**The task**
Give back only the lines in the records below from the one with "- rack frame from (933, 304) to (994, 555)" to the one with "-10, 43, 15)", both inclusive, word for word.

Records from a data source:
========================================================================

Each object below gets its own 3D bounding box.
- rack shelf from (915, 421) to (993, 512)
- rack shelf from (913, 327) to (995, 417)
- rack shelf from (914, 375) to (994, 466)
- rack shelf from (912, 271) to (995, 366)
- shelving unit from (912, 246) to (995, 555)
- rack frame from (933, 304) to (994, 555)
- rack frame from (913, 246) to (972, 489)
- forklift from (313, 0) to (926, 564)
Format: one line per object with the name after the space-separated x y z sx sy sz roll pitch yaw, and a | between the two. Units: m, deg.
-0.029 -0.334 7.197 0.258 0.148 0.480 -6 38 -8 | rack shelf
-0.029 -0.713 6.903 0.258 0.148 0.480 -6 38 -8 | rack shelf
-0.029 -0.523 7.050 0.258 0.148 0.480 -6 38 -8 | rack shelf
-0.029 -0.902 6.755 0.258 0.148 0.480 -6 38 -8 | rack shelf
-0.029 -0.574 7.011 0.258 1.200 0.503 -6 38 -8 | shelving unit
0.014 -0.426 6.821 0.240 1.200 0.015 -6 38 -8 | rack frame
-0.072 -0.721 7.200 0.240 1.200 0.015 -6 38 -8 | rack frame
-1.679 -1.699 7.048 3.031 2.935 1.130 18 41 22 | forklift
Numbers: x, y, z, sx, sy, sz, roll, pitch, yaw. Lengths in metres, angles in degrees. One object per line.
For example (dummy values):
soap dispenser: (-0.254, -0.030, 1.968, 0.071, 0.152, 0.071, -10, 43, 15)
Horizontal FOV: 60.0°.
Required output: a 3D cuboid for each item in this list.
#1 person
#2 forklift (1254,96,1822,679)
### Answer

========================================================================

**Result below**
- rack frame from (933, 304) to (994, 555)
- rack frame from (913, 246) to (972, 489)
- forklift from (313, 0) to (926, 564)
Format: one line per object with the name after the space-separated x y z sx sy sz roll pitch yaw, and a | between the two. Units: m, deg.
-0.029 -0.334 7.197 0.258 0.148 0.480 -6 38 -8 | rack shelf
-0.029 -0.713 6.903 0.258 0.148 0.480 -6 38 -8 | rack shelf
-0.029 -0.523 7.050 0.258 0.148 0.480 -6 38 -8 | rack shelf
-0.029 -0.902 6.755 0.258 0.148 0.480 -6 38 -8 | rack shelf
-0.029 -0.574 7.011 0.258 1.200 0.503 -6 38 -8 | shelving unit
0.014 -0.426 6.821 0.240 1.200 0.015 -6 38 -8 | rack frame
-0.072 -0.721 7.200 0.240 1.200 0.015 -6 38 -8 | rack frame
-1.679 -1.699 7.048 3.031 2.935 1.130 18 41 22 | forklift
Numbers: x, y, z, sx, sy, sz, roll, pitch, yaw. Lengths in metres, angles in degrees. One object per line.
For example (dummy values):
soap dispenser: (-0.254, -0.030, 1.968, 0.071, 0.152, 0.071, -10, 43, 15)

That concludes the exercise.